- **WORK TO COMPLETE**:
Your reply should hold only the lines from the records below where "evenodd" occurs.

[Records excerpted from a collection]
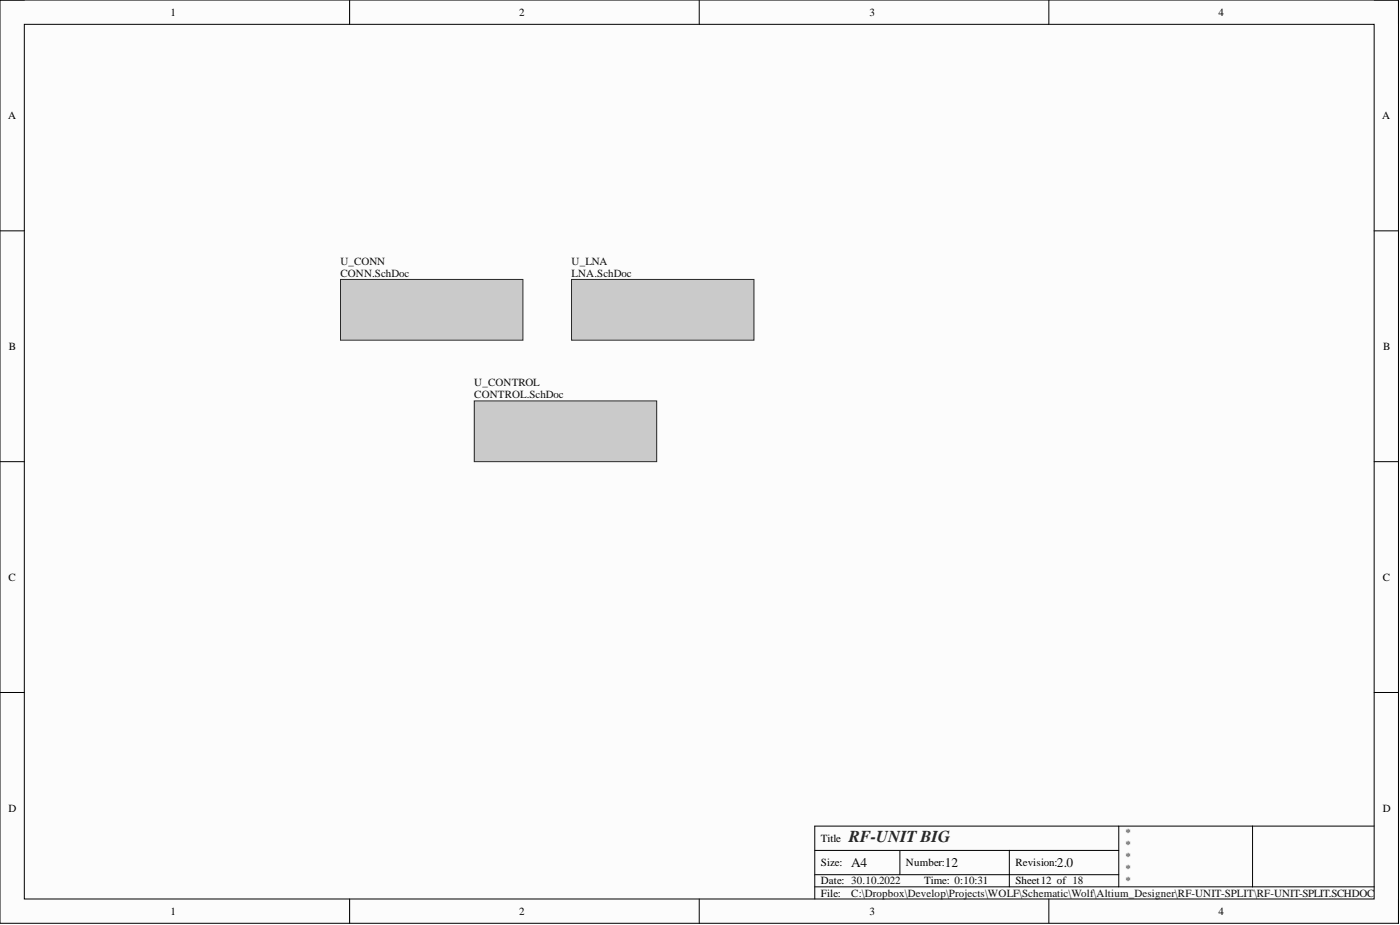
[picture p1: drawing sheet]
<svg xmlns="http://www.w3.org/2000/svg" width="292mm" height="193mm" viewBox="0 0 292 193" stroke-linecap="round" stroke-linejoin="round" font-family="sans-serif">
<defs><g id="words">
<text font-size="3.5" fill="#262626" x="177.1" y="175.6">RF-UNIT BIG</text>
<g font-size="2.8" fill="#0e0e0e">
<text x="177.6" y="180.9">A4</text>
<text x="197.1" y="180.9">12</text>
<text x="220.5" y="180.9">2.0</text>
</g>
<g font-size="2.3">
<text x="35.6" y="3.3">1</text>
<text x="108.3" y="3.3">2</text>
<text x="181.4" y="3.3">3</text>
<text x="254.2" y="3.3">4</text>
<text x="1.7" y="24.8">A</text>
<text x="288.4" y="24.8">A</text>
<text x="1.9" y="73">B</text>
<text x="288.6" y="73">B</text>
<text x="1.8" y="121.1">C</text>
<text x="288.5" y="121.1">C</text>
<text x="1.8" y="169.3">D</text>
<text x="288.5" y="169.3">D</text>
<text x="171.3" y="175.6">Title</text>
<text x="171.3" y="180.7">Size:</text>
<text x="171.3" y="184.5">Date: 30.10.2022</text>
<text x="189" y="180.7">Number:</text>
<text x="192.8" y="184.5">Time: 0:10:31</text>
<text x="211.9" y="180.7">Revision:</text>
<text x="211.9" y="184.5">Sheet12 of 18</text>
<text x="35.6" y="190.8">1</text>
<text x="108.3" y="190.8">2</text>
<text x="171.3" y="187">File:</text>
<text x="181.4" y="190.8">3</text>
<text x="254.2" y="190.8">4</text>
</g>
<g font-size="2.3" fill="#0e0e0e">
<text x="71" y="55.3">U_CONN</text>
<text x="71" y="57.8">CONN.SchDoc</text>
<text x="119.3" y="55.3">U_LNA</text>
<text x="119.3" y="57.8">LNA.SchDoc</text>
<text x="99" y="80.6">U_CONTROL</text>
<text x="99" y="83.1">CONTROL.SchDoc</text>
<text x="234.7" y="174.4">*</text>
<text x="234.7" y="176.9">*</text>
<text x="234.7" y="179.4">*</text>
<text x="234.7" y="182">*</text>
<text x="234.7" y="184.5">*</text>
<text x="177.6" y="187">C:\Dropbox\Develop\Projects\WOLF\Schematic\Wolf\Altium_Designer\RF-UNIT-SPLIT\RF-UNIT-SPLIT.SCHDOC</text>
</g>
</g></defs>
<path d="M0 0h291.8v192.6h-291.8z" fill-rule="evenodd" fill="#fcfcfc"/>
<path d="M0 0h291.8v192.6h-291.8z" fill="none" stroke="#000" stroke-width=".21"/>
<path d="M5.1 5.1h281.6v182.4h-281.6z" fill-rule="evenodd" fill="#fcfcfc"/>
<g fill="none" stroke="#000" stroke-width=".21">
<path d="M0 0h5.1M5.1 5.1h281.6v182.4h-281.6zM72.9 0v5.1M145.9 0v5.1M218.8 0v5.1M286.7 0h5.1v5.1M0 48.2h5.1M286.7 48.2h5.1M0 96.3h5.1M286.7 96.3h5.1M0 144.5h5.1M286.7 144.5h5.1"/>
<path d="M170 177.4h63.4M187.8 177.4v5.1M210.6 177.4v7.6M233.4 172.3v12.7M261.3 172.3v12.7M286.7 172.3h-116.7v15.2M72.9 187.5v5.1M145.9 187.5v5.1M170 185h116.7M170 182.5h63.4M218.8 187.5v5.1M291.8 187.5v5.1"/>
</g>
<path d="M71 58.3h38.1v12.7h-38.1z" fill-rule="evenodd" fill="#cacaca"/>
<path d="M71 58.3h38.1v12.7h-38.1z" fill="none" stroke="#262626" stroke-width=".21"/>
<path d="M99 83.6h38v12.7h-38z" fill-rule="evenodd" fill="#cacaca"/>
<path d="M99 83.6h38v12.7h-38z" fill="none" stroke="#262626" stroke-width=".21"/>
<path d="M119.3 58.3h38v12.7h-38z" fill-rule="evenodd" fill="#cacaca"/>
<path d="M119.3 58.3h38v12.7h-38z" fill="none" stroke="#262626" stroke-width=".21"/>
<use href="#words"/>
</svg>

- **EXERCISE SOLUTION**:
<path d="M0 0h291.8v192.6h-291.8z" fill-rule="evenodd" fill="#fcfcfc"/>
<path d="M5.1 5.1h281.6v182.4h-281.6z" fill-rule="evenodd" fill="#fcfcfc"/>
<path d="M71 58.3h38.1v12.7h-38.1z" fill-rule="evenodd" fill="#cacaca"/>
<path d="M99 83.6h38v12.7h-38z" fill-rule="evenodd" fill="#cacaca"/>
<path d="M119.3 58.3h38v12.7h-38z" fill-rule="evenodd" fill="#cacaca"/>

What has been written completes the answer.